Тут я прошу моих слушателей оставаться спокойными и попытаться представить на миг выражение моего лица. Я его, естественно, видеть не мог, но когда теперь, спустя много времени, хочу его вообразить, то другого слова, как «помертвел», не могу подобрать. Я отчетливо помню только, что мне сделалось на минуточку нехорошо, хоть я был парнем крепким и отнюдь не сентиментальным.
То, что дом обитаем и что в нем кто-то живет, — я не сомневался. И я, пока шел к калитке, не без удовольствия представлял, как я этим удивленным жильцам предъявлю свои хозяйские права и твердым, отнюдь не мальчишеским голосом предложу выметаться подобру-поздорову.
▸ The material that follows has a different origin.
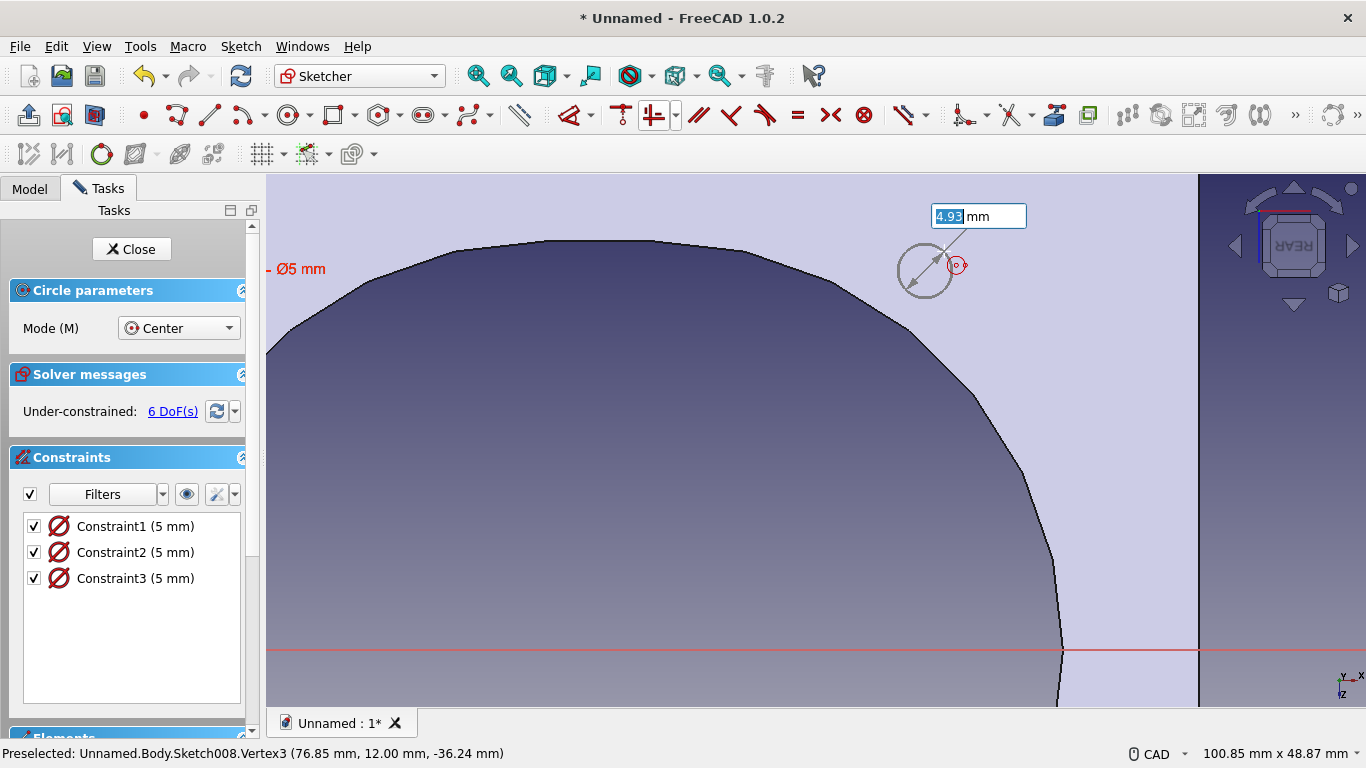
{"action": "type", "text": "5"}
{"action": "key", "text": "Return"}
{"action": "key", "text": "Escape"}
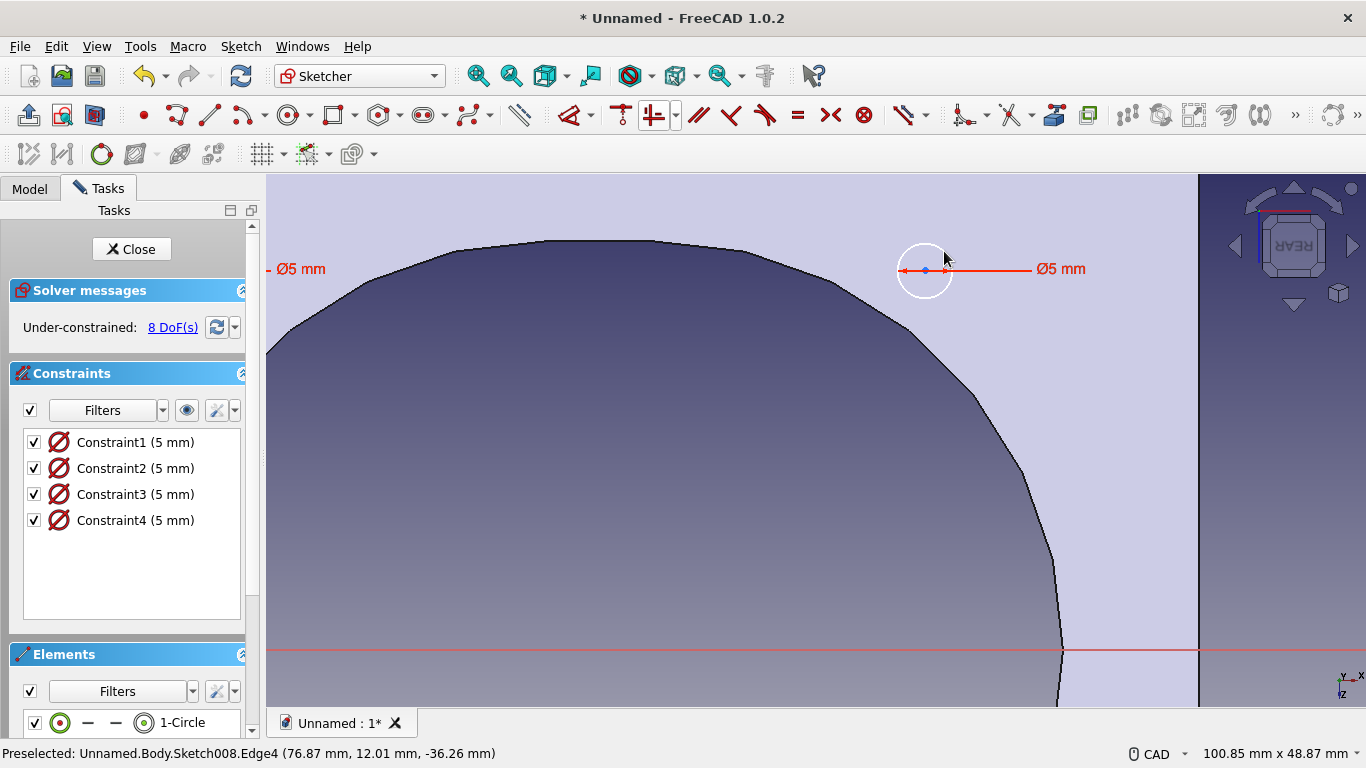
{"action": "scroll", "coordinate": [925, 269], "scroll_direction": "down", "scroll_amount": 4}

В нашем доме действительно жили. И эти люди теперь стояли во дворе и с недоумением смотрели на обалдело застывшего в калитке молоденького солдатика с вещевым мешком на плече.
Кто же стоял во дворе?
Моя мама. Раз. Такая же, как до войны. Только очень плохо одетая. С косынкой на голове, она согнулась над корытом, в котором пузырилась белая мыльная пена. Она взглянула на меня, не узнала и снова склонилась над корытом.
Моя сестра. Два. Она выросла за эти годы и вытянулась в длинного подростка, и я бы ее никогда не узнал, если бы не увидел рядом с мамой.